◆ Exercise instructions ◆
Go to the line below containing "- planter bowl <box>348,370,567,539</box>" and print exactly from there through the line containing "- planter bowl <box>289,0,492,153</box>", both included. Print nothing else.

◆ Listed entries ◆
========================

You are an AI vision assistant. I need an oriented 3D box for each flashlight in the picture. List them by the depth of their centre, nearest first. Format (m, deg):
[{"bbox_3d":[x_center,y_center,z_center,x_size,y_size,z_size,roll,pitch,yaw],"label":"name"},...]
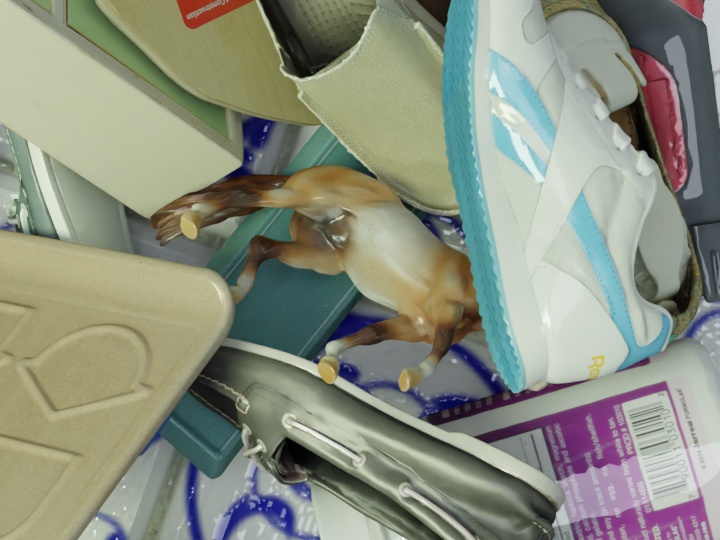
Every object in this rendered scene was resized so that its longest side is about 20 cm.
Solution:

========================

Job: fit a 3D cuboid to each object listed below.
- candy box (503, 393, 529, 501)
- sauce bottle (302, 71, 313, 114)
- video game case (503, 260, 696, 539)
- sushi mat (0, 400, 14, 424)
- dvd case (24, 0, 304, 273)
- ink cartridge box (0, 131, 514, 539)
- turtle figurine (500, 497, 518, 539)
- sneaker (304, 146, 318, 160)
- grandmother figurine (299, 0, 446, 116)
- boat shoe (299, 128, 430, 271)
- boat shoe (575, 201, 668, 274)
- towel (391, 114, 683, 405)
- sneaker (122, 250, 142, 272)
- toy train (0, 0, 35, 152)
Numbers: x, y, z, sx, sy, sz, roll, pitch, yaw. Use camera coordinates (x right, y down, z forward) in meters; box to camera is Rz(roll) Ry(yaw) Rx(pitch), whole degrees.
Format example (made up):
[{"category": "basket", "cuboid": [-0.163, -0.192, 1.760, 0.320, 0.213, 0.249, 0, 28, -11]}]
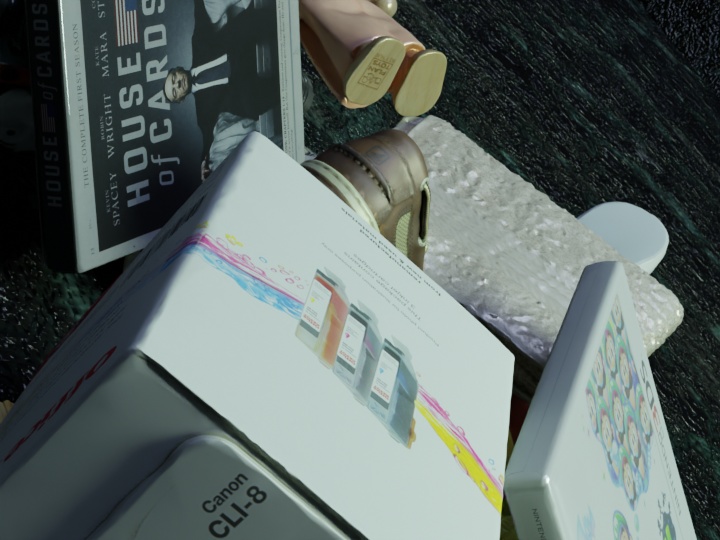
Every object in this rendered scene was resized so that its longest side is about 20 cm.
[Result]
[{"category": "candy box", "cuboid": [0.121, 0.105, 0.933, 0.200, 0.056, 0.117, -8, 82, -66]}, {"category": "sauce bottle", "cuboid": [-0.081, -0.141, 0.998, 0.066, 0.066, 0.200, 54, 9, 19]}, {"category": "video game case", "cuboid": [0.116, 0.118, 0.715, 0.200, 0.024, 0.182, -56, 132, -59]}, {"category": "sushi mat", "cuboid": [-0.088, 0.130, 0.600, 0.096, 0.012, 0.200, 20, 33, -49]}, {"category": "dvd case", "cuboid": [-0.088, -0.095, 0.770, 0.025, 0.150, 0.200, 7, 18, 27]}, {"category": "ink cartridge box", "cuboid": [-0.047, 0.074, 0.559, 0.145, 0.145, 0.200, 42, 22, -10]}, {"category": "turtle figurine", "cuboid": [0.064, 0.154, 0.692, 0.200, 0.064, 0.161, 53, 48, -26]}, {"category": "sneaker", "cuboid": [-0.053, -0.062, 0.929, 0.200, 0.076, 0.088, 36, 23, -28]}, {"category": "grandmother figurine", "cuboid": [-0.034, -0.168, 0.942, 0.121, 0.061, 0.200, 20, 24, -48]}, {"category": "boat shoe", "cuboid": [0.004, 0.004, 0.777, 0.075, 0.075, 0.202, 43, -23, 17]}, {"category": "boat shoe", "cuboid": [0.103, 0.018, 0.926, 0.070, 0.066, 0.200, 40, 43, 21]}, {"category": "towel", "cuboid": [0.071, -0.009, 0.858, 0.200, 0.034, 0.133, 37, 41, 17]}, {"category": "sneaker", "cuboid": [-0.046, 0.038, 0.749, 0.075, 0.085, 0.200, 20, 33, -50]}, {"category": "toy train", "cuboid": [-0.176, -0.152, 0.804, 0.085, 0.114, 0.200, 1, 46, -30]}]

========================

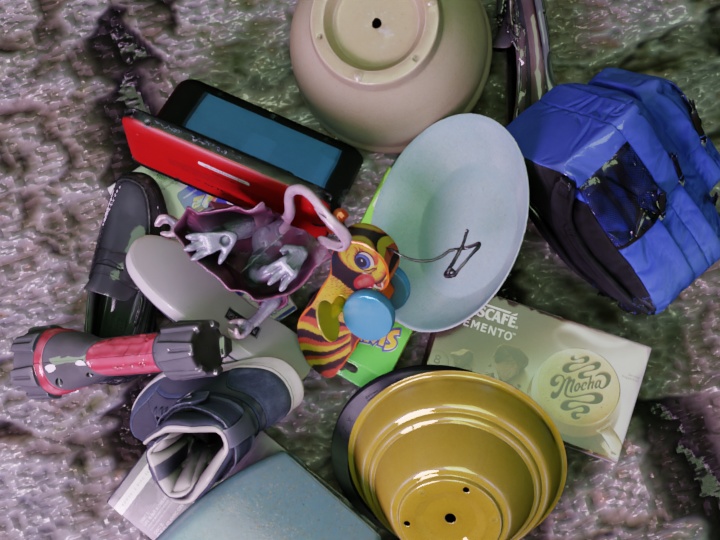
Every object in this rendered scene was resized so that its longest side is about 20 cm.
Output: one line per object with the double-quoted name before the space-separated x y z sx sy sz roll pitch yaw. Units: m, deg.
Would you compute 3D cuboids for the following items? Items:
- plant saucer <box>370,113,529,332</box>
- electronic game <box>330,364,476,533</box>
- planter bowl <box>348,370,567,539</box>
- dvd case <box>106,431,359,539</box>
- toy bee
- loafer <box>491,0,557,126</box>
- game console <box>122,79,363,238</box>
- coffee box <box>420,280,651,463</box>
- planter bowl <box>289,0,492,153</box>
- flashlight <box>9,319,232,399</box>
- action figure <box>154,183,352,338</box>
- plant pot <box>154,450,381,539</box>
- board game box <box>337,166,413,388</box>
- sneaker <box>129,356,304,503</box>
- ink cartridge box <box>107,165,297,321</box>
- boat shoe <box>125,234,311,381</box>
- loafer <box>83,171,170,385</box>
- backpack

========================

◆ Exercise result ◆
- planter bowl <box>348,370,567,539</box>
- dvd case <box>106,431,359,539</box>
- toy bee
- loafer <box>491,0,557,126</box>
- game console <box>122,79,363,238</box>
- coffee box <box>420,280,651,463</box>
- planter bowl <box>289,0,492,153</box>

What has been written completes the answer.